▸ Task brief
Only the lines below starting at the one containing "Line((-16, 137), (-30, 137))" and ending at the one containing "# Sketch2 → Cut-Extrude1 (cut)" belong in the answer, each copied exactly.

[Records from a collection]
=-=-=

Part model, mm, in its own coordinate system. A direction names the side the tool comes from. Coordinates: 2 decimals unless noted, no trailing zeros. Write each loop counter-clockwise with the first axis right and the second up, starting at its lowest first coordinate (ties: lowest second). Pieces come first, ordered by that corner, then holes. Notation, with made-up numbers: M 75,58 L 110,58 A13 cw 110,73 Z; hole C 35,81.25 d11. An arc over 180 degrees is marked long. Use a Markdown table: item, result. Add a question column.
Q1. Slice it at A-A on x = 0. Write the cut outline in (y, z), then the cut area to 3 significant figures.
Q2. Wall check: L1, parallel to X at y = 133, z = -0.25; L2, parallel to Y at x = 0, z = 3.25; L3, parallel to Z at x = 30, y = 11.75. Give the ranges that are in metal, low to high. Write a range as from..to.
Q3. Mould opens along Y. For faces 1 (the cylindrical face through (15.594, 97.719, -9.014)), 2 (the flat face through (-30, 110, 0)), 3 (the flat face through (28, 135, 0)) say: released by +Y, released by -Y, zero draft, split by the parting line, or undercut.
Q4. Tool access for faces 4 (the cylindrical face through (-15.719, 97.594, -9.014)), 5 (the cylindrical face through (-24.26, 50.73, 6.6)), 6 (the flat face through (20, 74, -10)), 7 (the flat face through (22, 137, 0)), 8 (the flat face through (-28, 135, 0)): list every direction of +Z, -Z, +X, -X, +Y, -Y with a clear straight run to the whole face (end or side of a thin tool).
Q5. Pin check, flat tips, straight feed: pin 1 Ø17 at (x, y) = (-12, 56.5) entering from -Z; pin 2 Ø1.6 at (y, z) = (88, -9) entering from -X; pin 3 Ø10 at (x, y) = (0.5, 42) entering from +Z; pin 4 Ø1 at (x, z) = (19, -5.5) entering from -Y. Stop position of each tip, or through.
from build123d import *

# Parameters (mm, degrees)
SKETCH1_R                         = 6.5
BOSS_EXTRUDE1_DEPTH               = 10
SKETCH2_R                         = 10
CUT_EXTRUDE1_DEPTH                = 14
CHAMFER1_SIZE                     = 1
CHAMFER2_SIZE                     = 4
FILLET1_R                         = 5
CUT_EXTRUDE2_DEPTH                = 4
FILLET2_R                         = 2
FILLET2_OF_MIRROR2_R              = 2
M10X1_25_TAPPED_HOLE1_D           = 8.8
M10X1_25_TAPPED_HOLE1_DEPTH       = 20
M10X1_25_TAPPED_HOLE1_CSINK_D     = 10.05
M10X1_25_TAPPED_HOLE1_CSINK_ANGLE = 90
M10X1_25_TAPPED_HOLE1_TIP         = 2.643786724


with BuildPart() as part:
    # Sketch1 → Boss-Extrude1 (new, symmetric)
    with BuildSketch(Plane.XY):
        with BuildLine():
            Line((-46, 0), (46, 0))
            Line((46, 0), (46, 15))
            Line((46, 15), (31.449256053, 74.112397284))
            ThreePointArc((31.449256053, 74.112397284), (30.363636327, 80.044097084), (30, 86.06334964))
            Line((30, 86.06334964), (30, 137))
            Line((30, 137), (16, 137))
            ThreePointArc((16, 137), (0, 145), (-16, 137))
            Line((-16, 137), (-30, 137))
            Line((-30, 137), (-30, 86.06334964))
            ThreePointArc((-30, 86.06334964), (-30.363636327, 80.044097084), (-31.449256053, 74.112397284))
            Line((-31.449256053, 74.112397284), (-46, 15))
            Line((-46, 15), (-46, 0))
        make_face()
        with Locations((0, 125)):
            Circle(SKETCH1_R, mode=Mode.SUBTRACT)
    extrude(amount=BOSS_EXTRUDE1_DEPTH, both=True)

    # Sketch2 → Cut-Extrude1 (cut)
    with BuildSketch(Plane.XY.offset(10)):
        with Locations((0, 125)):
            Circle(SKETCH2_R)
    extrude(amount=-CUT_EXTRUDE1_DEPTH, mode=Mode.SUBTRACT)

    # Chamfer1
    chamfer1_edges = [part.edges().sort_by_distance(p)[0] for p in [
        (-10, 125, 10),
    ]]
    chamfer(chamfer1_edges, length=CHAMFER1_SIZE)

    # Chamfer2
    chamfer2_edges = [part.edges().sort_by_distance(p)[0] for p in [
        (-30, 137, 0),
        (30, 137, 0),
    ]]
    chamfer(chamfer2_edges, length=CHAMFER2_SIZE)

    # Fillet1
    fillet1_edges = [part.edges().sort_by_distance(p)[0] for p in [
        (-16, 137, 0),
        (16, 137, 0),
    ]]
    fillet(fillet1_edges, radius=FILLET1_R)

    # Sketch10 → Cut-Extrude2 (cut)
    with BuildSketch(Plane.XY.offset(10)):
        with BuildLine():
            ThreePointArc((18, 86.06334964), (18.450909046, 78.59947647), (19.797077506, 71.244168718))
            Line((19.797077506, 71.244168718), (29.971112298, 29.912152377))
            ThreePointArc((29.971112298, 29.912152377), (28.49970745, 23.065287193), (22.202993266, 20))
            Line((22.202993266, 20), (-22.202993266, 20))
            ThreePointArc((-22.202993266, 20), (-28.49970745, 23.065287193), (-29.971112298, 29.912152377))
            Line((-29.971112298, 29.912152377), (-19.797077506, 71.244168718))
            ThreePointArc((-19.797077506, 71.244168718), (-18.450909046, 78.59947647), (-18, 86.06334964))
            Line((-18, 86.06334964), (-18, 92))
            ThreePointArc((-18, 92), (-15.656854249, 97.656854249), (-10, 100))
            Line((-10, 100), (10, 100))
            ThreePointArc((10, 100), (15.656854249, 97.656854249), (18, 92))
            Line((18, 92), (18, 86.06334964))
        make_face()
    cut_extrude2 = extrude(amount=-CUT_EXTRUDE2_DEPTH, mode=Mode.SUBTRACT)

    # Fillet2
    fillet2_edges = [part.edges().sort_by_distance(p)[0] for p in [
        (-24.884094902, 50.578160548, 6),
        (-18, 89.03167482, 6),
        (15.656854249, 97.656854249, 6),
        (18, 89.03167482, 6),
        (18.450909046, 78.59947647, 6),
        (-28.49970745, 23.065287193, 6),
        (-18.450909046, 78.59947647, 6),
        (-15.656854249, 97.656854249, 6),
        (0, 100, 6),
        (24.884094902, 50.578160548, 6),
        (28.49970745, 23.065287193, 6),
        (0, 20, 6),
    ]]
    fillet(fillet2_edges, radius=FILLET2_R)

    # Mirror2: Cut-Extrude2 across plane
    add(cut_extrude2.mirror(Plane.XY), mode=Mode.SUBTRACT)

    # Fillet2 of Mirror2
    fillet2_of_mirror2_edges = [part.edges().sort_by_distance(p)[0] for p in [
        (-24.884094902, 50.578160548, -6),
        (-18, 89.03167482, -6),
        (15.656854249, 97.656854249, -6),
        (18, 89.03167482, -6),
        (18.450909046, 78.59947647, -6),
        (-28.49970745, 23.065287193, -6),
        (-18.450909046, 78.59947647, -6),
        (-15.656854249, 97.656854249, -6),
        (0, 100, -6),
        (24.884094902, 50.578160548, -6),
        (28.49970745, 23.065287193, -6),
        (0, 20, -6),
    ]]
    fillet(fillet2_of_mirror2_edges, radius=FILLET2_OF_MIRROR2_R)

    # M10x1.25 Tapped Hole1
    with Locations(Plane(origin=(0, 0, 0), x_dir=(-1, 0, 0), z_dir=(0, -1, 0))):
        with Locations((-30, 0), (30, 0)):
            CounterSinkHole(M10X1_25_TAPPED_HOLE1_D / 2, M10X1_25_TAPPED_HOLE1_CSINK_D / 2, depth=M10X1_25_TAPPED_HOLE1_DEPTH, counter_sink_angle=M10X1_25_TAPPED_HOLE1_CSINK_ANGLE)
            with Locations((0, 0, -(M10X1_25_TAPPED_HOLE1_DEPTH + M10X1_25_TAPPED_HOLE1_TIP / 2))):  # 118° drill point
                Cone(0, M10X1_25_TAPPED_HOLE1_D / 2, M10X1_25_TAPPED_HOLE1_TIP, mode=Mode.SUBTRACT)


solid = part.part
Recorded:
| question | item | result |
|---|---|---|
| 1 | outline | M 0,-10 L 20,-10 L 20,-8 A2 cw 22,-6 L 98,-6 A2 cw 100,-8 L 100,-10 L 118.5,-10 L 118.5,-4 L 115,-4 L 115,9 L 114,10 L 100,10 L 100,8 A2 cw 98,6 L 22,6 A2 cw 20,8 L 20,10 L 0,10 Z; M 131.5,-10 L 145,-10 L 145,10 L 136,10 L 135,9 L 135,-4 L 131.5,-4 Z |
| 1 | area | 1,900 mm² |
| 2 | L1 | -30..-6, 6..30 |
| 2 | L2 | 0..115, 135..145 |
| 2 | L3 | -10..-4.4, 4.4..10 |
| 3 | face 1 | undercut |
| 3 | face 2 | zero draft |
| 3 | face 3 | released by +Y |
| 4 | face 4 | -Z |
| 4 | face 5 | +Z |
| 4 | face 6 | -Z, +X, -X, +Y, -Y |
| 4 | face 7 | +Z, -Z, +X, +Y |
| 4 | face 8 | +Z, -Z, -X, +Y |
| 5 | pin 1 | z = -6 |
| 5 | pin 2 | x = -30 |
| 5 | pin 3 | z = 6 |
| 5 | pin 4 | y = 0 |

=-=-=

▸ Solution
            Line((-16, 137), (-30, 137))
            Line((-30, 137), (-30, 86.06334964))
            ThreePointArc((-30, 86.06334964), (-30.363636327, 80.044097084), (-31.449256053, 74.112397284))
            Line((-31.449256053, 74.112397284), (-46, 15))
            Line((-46, 15), (-46, 0))
        make_face()
        with Locations((0, 125)):
            Circle(SKETCH1_R, mode=Mode.SUBTRACT)
    extrude(amount=BOSS_EXTRUDE1_DEPTH, both=True)

    # Sketch2 → Cut-Extrude1 (cut)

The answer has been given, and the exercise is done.